The defenses that work are structural. They reduce the surface area rather than trying to detect malicious code after the fact.

Disable automatic script execution. In npm, set ignore-scripts=true in .npmrc and allowlist only the specific packages that genuinely need build steps. In Python, prefer wheels over source distributions, since wheels don't execute setup.py. This single change blocks the primary malware delivery mechanism.

Use deterministic installs in CI. npm ci in JavaScript, pip install --require-hashes or uv pip install with a lockfile in Python. These ensure your build installs exactly what was reviewed, with no resolution surprises.

Verify provenance where available. npm now supports provenance attestations that link a package to its source repo and build environment. PyPI has introduced trusted publishers via OIDC. Docker has content trust and Sigstore. When provenance is available, use it. When it isn't, treat that as a risk signal.

Add a version cooldown. Some registry proxies support a configurable delay between when a version is published and when it becomes installable. A 24-hour cooldown would have blocked the axios attack entirely. The malicious window lasted two hours.

Audit your dependency depth. A project with 30 direct dependencies can pull in 800 transitive ones. Each is code you've implicitly chosen to trust. Periodically review what you're actually installing, remove what you can, and favor lighter alternatives where they exist.

The Bigger Picture

Open-source supply chain attacks are escalating because the return on investment is extraordinary. One compromised account can reach millions of machines in minutes, across every operating system, through infrastructure that developers trust implicitly.

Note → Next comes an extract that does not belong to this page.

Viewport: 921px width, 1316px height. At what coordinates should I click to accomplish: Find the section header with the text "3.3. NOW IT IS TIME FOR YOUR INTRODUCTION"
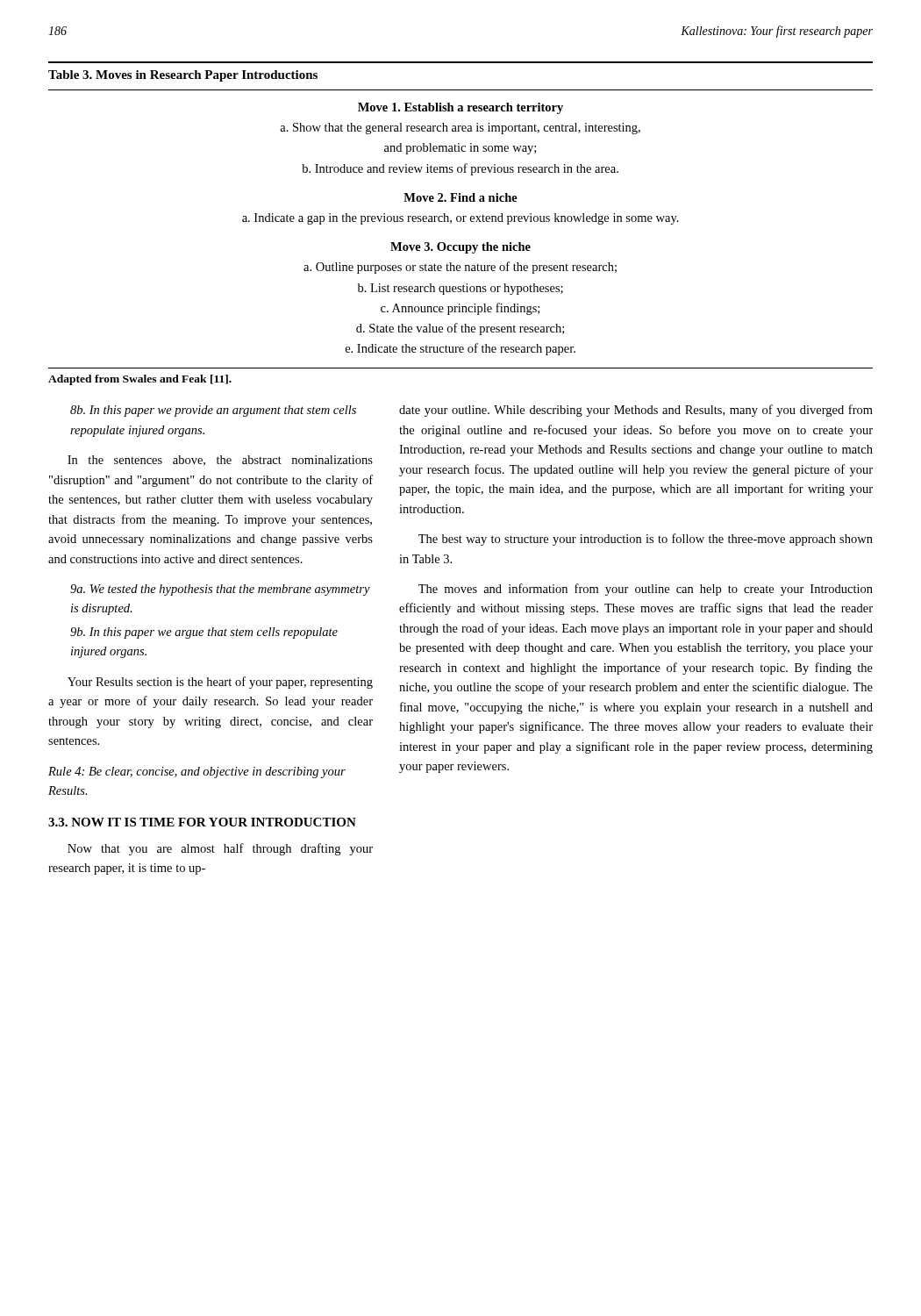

State-sponsored actors have noticed. The axios attack was attributed to a North Korean group. This is no longer hobbyist territory.

The ecosystem is responding. npm deprecated classic tokens in late 2025 and pushed toward OIDC-based publishing. PyPI introduced trusted publishers. These are real improvements, but they only work when maintainers adopt them, and adoption is still low.

For engineering teams, the takeaway is straightforward. Every dependency is code you chose to run. Treat your install step with the same scrutiny you'd apply to a production deployment. The teams that internalize this build their pipelines accordingly: scripts disabled by default, deterministic installs, provenance checks, version cooldowns. The teams that don't are betting that the next attack won't land on a package in their tree. That bet keeps getting worse.